Status (v1.0.6): deferred per /exploring-options batch 8 Q4 lock because the upstream primitives were not yet all consumed in local figure rendering.
Status (v1.2.2): closed. ADR-066 verified that 5 of 6 planned refactor sites were already consuming upstream primitives; the only remaining source refactor was F6 left-panel plot_metric_bars. F1-F5 figures were re-rendered after the cleanup with zero visual drift except generated SVG IDs and provenance metadata.
Cumulative project compute spend (canonical figure): $17.08 (full precision $17.0807; sum of actual_cost_usd across all 17 GPU-pod rows in evals/cost_ledger.csv as of v1.2.0 close, commit 3212cc5, 2026-05-19). Within ADR-020’s $200 hard cap. See ADR-065 §E for provenance; supersedes ADR-063’s stale $9.92 (flagged in ADR-064 §D; computed at v1.2.1).

2. Aspirational future directions

Things that would require rethinking the project’s design rather than extending it. These are not commitments; they are the contour of where the next iteration might go.

2.1 Multi-seed × multi-fold canonical evidence (GPU-intensive)

Why: at submission scope, single-seed evaluation suffices for honest characterization. A future iteration with broader compute budget could run 3 seeds × 3 folds × N scorers for tighter CIs + cross-seed variance reporting.
What the project was missing: GPU budget for multi-seed sweeps; deferred to a future iteration with explicit [OPEN: multi-seed protocol] lock.

2.2 Full reference-detector appendix

Why: the seed scopes reference scorers minimally; a future iteration could run multiple off-the-shelf detectors with full training-overlap audit per the three-state taxonomy.
What the project was missing: reviewer-explicit demand for off-the-shelf comparisons; deferred to a separate appendix track.

2.3 Multi-source LODO with full semantic-dedup pipeline

Why: source-disjoint k=3 LODO with calibrated MiniLM-style semantic dedup + TF-IDF same-label hard gate + cross-label warn gate is the gold-standard data discipline. The seed locks the discipline; full pipeline + per-fold leakage audit could land at Phase 1+.
What the project was missing: time to set up the full dedup-calibration loop + leakage-audit pipeline within scope.

3. Open questions raised during the project

Open questions surfaced during Phase 0-5; not yet answered. Each is a genuine candidate for a future iteration’s research-plan slot.

Does the contamination-tier ordering hold under harder OOD slates? ADR-005’s three-state taxonomy (verified_disjoint < backbone-partial-disjoint < suspected_contamination) was inferred from a single OOD slate composition (BIPIA + InjecAgent + JBB + XSTest + NotInject). A harder slate — adversarial-style attacks not in the training corpus — might re-order the rungs or compress the gap.

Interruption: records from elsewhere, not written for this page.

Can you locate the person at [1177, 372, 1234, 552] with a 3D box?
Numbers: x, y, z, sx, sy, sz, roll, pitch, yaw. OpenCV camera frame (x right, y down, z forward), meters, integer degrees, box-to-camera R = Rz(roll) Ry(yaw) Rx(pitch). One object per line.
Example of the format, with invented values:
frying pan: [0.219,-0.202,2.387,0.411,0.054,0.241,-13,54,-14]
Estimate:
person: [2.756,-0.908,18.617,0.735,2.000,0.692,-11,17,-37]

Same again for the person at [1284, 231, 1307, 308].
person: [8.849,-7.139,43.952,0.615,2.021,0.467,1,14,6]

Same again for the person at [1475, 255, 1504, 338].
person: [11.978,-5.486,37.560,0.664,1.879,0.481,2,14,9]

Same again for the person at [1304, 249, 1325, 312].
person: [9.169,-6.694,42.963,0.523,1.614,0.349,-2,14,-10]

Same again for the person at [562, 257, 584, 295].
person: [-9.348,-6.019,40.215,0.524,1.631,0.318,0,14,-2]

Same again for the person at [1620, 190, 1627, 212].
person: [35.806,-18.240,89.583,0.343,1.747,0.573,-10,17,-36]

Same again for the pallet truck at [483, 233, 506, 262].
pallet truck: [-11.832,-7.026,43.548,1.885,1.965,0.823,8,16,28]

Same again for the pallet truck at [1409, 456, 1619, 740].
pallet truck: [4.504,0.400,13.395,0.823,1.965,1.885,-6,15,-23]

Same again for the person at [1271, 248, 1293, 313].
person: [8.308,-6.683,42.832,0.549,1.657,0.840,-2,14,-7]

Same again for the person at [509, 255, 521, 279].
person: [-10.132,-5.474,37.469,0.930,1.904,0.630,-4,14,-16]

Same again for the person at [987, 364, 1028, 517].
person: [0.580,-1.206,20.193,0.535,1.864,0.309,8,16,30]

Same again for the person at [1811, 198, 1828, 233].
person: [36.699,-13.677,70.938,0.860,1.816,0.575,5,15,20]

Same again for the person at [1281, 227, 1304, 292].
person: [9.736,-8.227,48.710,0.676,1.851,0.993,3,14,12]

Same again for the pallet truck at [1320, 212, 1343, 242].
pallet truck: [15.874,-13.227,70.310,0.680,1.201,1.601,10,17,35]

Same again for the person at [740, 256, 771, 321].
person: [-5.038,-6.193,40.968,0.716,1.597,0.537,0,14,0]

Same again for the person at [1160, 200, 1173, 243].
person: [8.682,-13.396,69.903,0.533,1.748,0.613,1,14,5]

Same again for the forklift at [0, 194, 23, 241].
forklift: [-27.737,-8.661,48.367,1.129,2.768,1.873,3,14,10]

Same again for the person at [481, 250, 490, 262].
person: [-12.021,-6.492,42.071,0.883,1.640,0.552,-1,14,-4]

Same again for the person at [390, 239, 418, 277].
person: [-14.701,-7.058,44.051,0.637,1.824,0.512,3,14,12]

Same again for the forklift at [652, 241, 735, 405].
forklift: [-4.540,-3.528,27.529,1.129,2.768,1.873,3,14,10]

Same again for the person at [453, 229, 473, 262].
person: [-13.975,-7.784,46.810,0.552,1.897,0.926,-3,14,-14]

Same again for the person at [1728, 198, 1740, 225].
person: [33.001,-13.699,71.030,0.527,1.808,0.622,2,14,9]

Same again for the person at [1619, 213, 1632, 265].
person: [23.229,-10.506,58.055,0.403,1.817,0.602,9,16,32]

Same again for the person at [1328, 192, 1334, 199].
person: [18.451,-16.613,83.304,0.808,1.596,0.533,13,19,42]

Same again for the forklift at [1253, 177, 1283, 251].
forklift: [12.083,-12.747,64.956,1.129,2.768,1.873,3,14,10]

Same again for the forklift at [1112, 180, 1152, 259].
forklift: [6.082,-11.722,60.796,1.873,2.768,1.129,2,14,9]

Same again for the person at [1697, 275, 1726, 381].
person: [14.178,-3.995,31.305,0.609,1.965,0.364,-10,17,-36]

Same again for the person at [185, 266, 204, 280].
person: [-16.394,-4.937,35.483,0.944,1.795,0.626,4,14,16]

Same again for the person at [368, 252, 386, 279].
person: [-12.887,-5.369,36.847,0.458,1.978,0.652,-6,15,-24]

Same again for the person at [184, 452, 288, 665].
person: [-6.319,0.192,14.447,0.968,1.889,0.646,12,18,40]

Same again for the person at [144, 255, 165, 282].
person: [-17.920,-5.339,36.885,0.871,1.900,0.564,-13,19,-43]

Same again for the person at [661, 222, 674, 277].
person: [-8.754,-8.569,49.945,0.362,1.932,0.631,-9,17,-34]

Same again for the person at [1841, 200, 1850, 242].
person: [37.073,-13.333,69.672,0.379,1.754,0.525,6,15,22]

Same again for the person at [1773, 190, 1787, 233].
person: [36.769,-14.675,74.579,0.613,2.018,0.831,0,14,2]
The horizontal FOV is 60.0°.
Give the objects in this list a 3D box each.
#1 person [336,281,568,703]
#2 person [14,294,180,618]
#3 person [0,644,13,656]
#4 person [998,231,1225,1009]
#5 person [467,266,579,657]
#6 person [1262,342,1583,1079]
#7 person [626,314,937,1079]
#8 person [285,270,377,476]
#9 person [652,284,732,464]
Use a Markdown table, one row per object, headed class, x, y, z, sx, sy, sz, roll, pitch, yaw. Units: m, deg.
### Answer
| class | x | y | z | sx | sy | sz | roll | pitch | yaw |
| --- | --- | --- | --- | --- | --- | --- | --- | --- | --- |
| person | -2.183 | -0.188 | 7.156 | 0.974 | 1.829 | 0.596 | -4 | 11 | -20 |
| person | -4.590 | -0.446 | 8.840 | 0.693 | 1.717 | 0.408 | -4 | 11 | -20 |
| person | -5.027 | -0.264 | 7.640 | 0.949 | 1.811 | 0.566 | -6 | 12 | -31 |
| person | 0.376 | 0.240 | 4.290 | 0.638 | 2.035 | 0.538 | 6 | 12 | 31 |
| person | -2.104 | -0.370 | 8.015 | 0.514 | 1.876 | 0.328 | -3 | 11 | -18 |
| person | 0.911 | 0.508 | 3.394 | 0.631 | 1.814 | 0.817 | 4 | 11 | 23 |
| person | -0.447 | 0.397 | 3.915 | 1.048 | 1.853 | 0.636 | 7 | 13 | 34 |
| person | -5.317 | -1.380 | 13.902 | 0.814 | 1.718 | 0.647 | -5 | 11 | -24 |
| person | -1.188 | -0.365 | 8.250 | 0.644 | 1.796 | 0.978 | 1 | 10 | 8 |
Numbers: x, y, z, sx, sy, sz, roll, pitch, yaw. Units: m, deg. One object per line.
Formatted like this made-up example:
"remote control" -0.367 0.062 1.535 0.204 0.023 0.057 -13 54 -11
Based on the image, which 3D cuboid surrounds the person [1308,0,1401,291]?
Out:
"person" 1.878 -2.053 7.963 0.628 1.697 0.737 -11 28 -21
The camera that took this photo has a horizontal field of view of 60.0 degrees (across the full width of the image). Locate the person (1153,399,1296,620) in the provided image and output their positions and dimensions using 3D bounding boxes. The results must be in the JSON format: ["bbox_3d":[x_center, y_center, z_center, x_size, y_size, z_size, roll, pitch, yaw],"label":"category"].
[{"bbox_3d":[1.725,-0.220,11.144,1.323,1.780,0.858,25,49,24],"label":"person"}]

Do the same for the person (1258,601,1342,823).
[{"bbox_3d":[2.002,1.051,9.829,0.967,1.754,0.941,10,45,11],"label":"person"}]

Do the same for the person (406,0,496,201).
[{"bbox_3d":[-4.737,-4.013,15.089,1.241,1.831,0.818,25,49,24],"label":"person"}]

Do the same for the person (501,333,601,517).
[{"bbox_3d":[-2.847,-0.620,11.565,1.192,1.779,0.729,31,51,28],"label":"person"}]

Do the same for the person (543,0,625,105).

The invariant test ordering (frozen-probe < LoRA < full-FT on LODO) may not generalize.
Does the LoRA → full-FT gap survive higher seed counts? Phase 4 ran 3 seeds × 4 folds; the LoRA-vs-full-FT gap on LODO sits within the paired-bootstrap CI. A 5-seed or 10-seed run would either widen the gap into significance or confirm that the marginal capacity from full-FT doesn’t pay for itself on this data scale.
Does the single-class-slice convention generalize beyond AUPRC / AUROC? The skip-filter rule (locked at Phase 5 — see WRITEUP §5 and the SUBMISSION_AUDIT regen at ADR-050) drops single-class rows from AUPRC/AUROC artifacts but leaves them in calibration metrics (ECE, Brier, reliability curves). ECE on an all-positive slice is still defined but may carry similar pathologies; a future iteration could surface a unified “metric-defined-for-this-slice-composition” type primitive in eval-toolkit.

4. What the project deliberately doesn’t do

See WRITEUP.md §8 for the consolidated deferred list.
See WRITEUP.md §9 for architectures and approaches that were tried and abandoned.
The distinction matters: §8 is scope; §9 is experimental dead-ends.

5. Upstream contributions

Gaps in eval-toolkit, runpod-deploy, or research_toolkit become upstream issues before local workarounds.
The live ledger is decisions/upstream_issues.md.